Bir skandal daha! Kanada’da okul yakınında 182 kayıt dışı mezar bulundu
Kanada’nın British Columbia eyaletindeki eski St. Eugene Misyon Okulu'nun yakınında 182 kayıt dışı mezar bulunduğu belirtildi. Ülkenin Kamloops bölgesindeki bir okulda 215, Saskatchewan eyaletindeki Marieval Yatılı Kilise Okulu'nun bahçesinde ise kayıt dışı mezarlarda 751 çocuğa ait ceset kalıntıları tespit edilmişti.
Böllgedeki yerlilerin eğitim gördüğü diğer okullarda çocuklara ait olduğu belirtilen ceset kalıntıların keşfedilmesi sonrası Kanada’nın British Columbia eyaletindeki eski St. Eugene Misyon Okulu'nun yakınında 182 yeni isimsiz mezar tespit edildi.
Konuya ilişkin yapılan açıklamada Kanada’nın British Columbia eyaletindeki eski St. Eugene Misyon Okulu'nun yakınında 182 kayıt dışı mezar bulunduğu belirtildi.
NE OLMUŞTU?
Kanada tarihinin en büyük çocuk istismarı olarak kabul edilen Yatılı Kilise Okullarının ilki, 1880'lerin başında açıldı ve sonuncusu da 1996 yılında kapatıldı.
150 binden fazla yerli çocuğun ailelerinden zorla alınarak yerleştirildiği kiliselere ait yatılı okullarda, bu çocukların büyük bölümü rahip, rahibe ve diğer öğretmenler tarafından fiziksel, cinsel ve psikolojik şiddet ve istismara maruz bırakıldı.
Ülkede 2010'da kurulan Hakikat ve Uzlaşma Komisyonunun kayıtlarına geçen istismarların yanı sıra bazı çocukların üzerinde tıbbi deneyler yapıldığı belirlendi.
24 Haziran Perşembe günü Kanada'nın Saskatchewan eyaletindeki Marieval Yatılı Kilise Okulu'nun bahçesinde bulunan kayıt dışı mezarlara ilişkin First Nation yerlilerinin çatı kuruluşu olan Egemen Yerli İlk Milletler Federasyonu'ndan açıklama yapıldı.
Cowessess First Nation bölgesindeki eski Marieval Kızılderili Yatılı Kilise Okulu'nun sahasında resmi kayıtlarda olmayan yüzlerce çocuk mezarı keşfedilmişti. Yapılan çalışmalar sonucu okulun bahçesinde bulunan kayıt dışı mezarlarda 751 çocuğa ait ceset kalıntıları tespit edildiği bildirildi.
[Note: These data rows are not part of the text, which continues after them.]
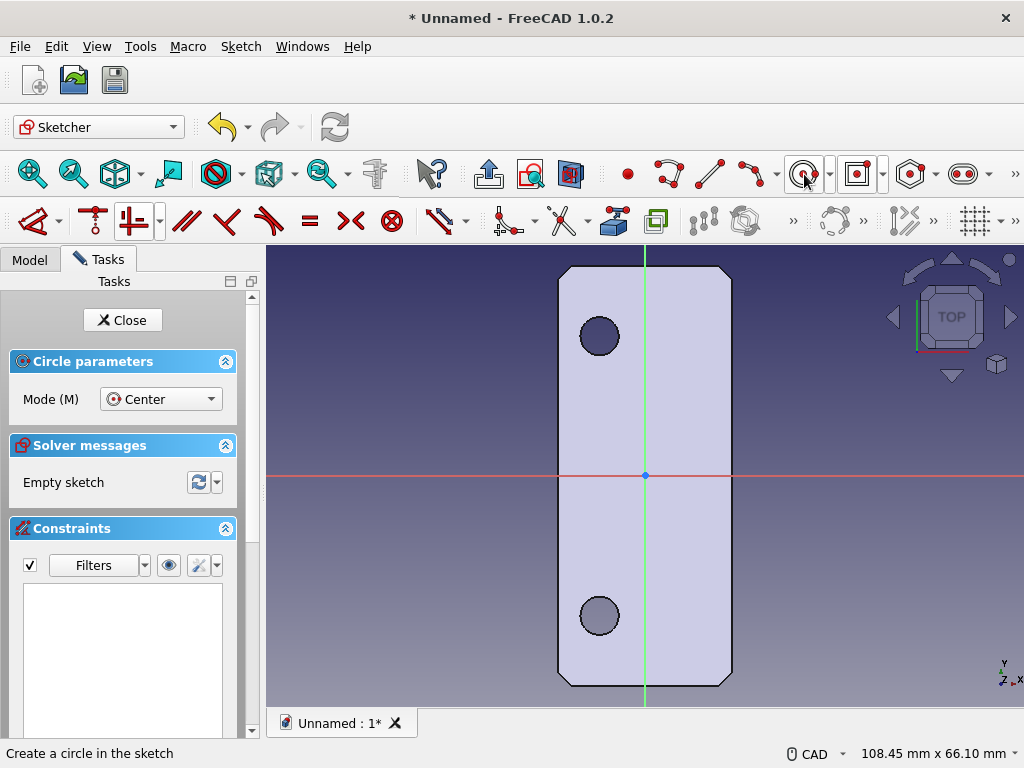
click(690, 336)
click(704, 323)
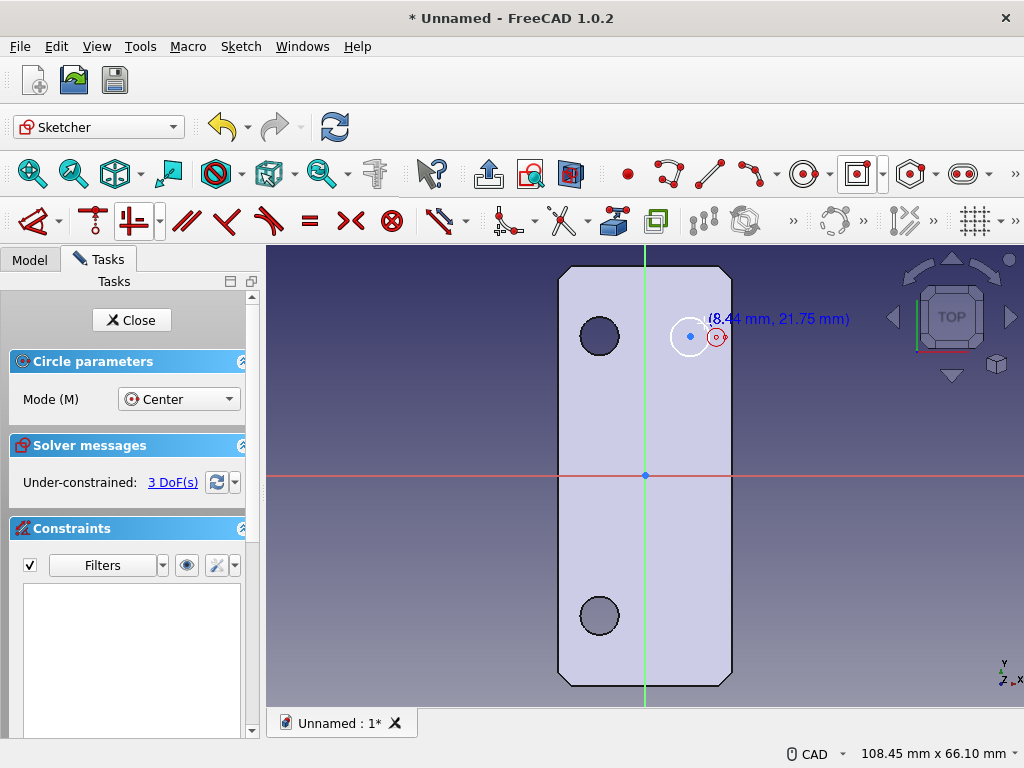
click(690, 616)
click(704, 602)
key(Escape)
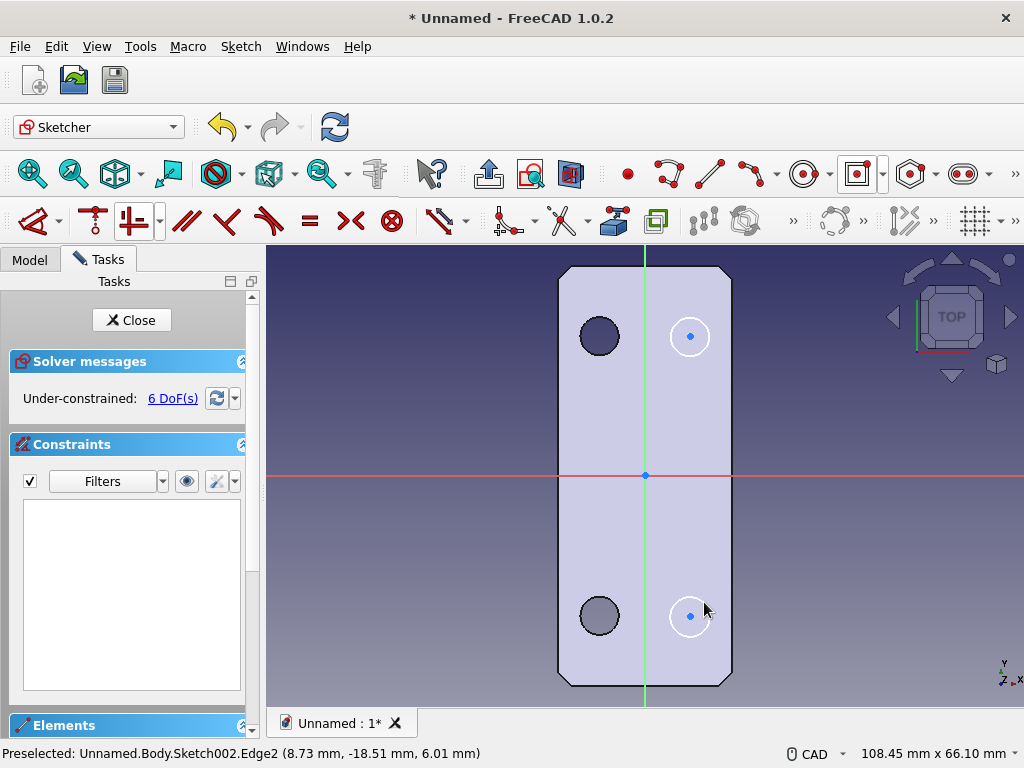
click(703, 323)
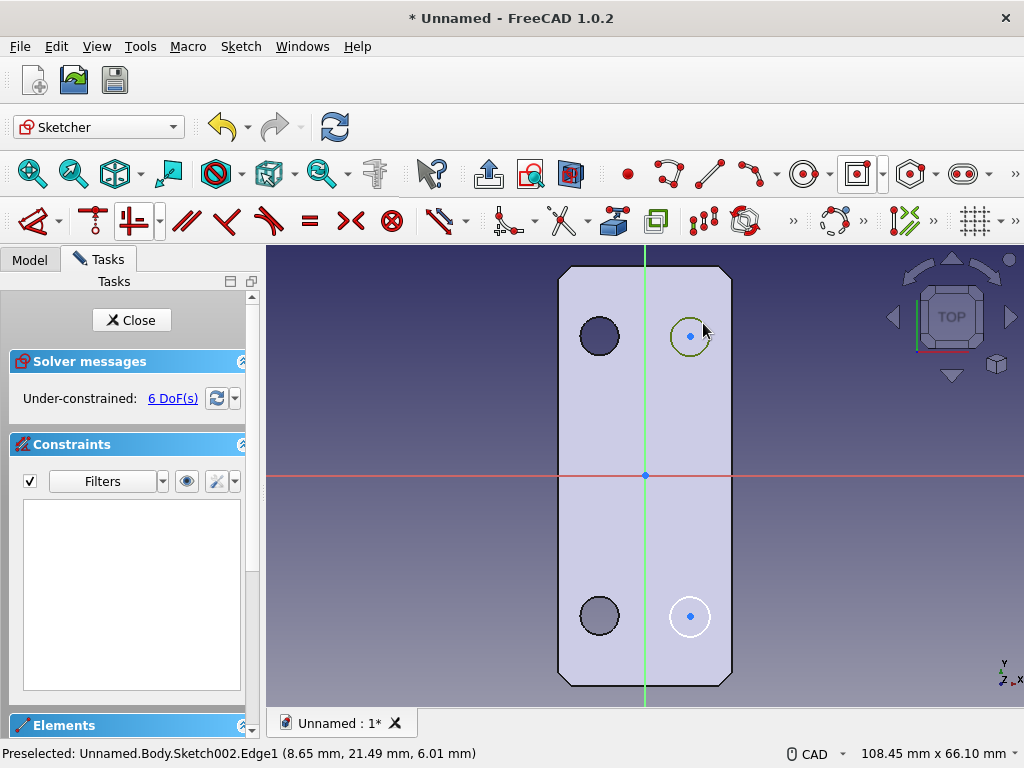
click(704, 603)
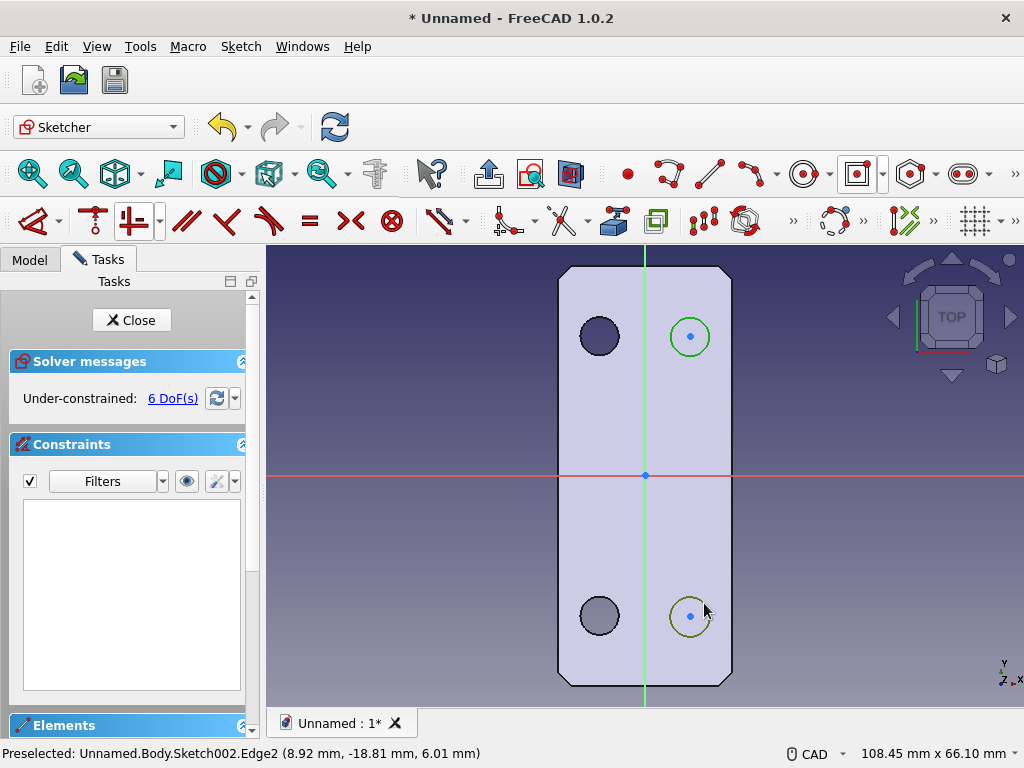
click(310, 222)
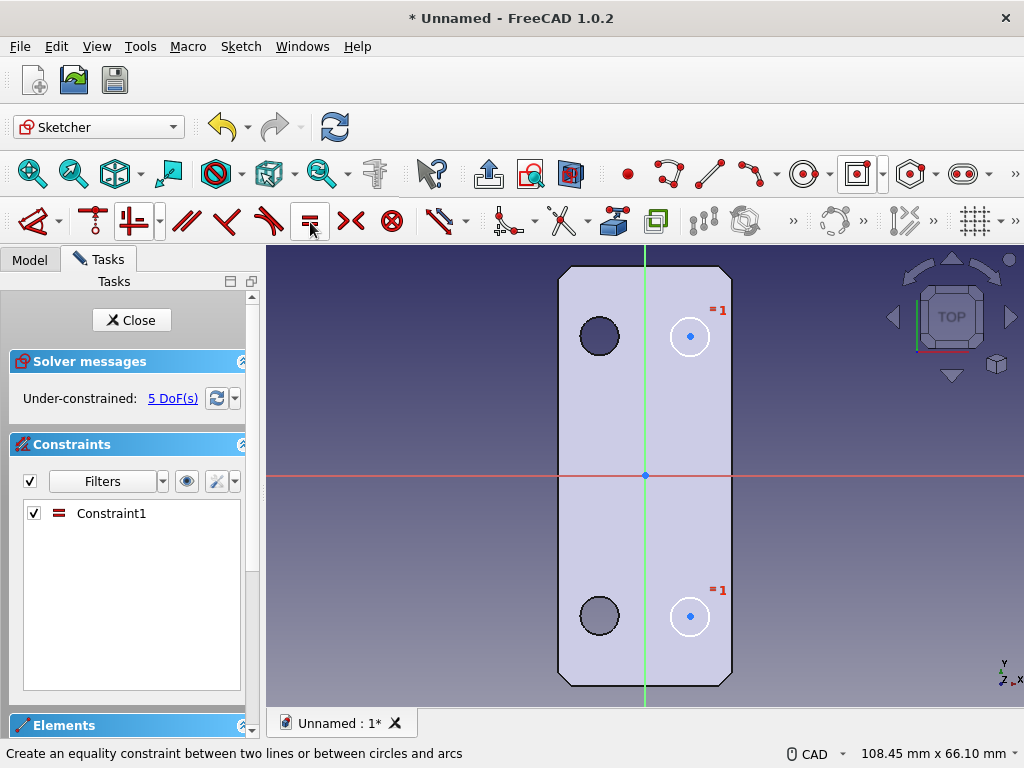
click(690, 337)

Kanada Başbakanı Justin Trudeau, Marieval Yatılı Kilise Okulu'nun bahçesinde bulunan 751 mezar için, "Bunlar yerli halkların karşılaştığı adaletsizliğin utanç verici bir hatırlatıcısıdır." ifadesini kullandı.
Trudeau, yaptığı yazılı açıklamada, "Hiçbir çocuk ailesinden ve toplumundan koparılmamalı, dili, kültürü, kimliği soyulmamalıydı. Hiçbir çocuk değerli gençliğinde korkunç bir yalnızlık ve istismara maruz bırakmamalıydı. Hiçbir çocuk korku içinde yaşadığı bir yerde son anlarını, sevdiklerini bir daha görememe duygusuyla geçirmemeliydi. Ve hiçbir aile, oynayan çocuklarının kahkahaları ve neşesinden ve topluluklarında büyümelerini izlemenin gururundan mahrum edilmemeliydi." değerlendirmesinde bulundu.
Justin Trudeau, son bulguların, tüm yerli halkların ve toplulukların halihazırda hissettiği acıyı derinleştirdiğini belirterek, "Hissettiğiniz acı ve travma, Kanada'nın sorumluluğundadır ve hükümet, ülke genelindeki yerli topluluklara bu korkunç yanlışları gün ışığına çıkarmak için ihtiyaç duydukları fon ve kaynakları sağlamaya devam edecektir. Kaybedilenleri geri getiremesek de bu adaletsizliklerin gerçeğini anlatabiliriz." görüşünü paylaştı.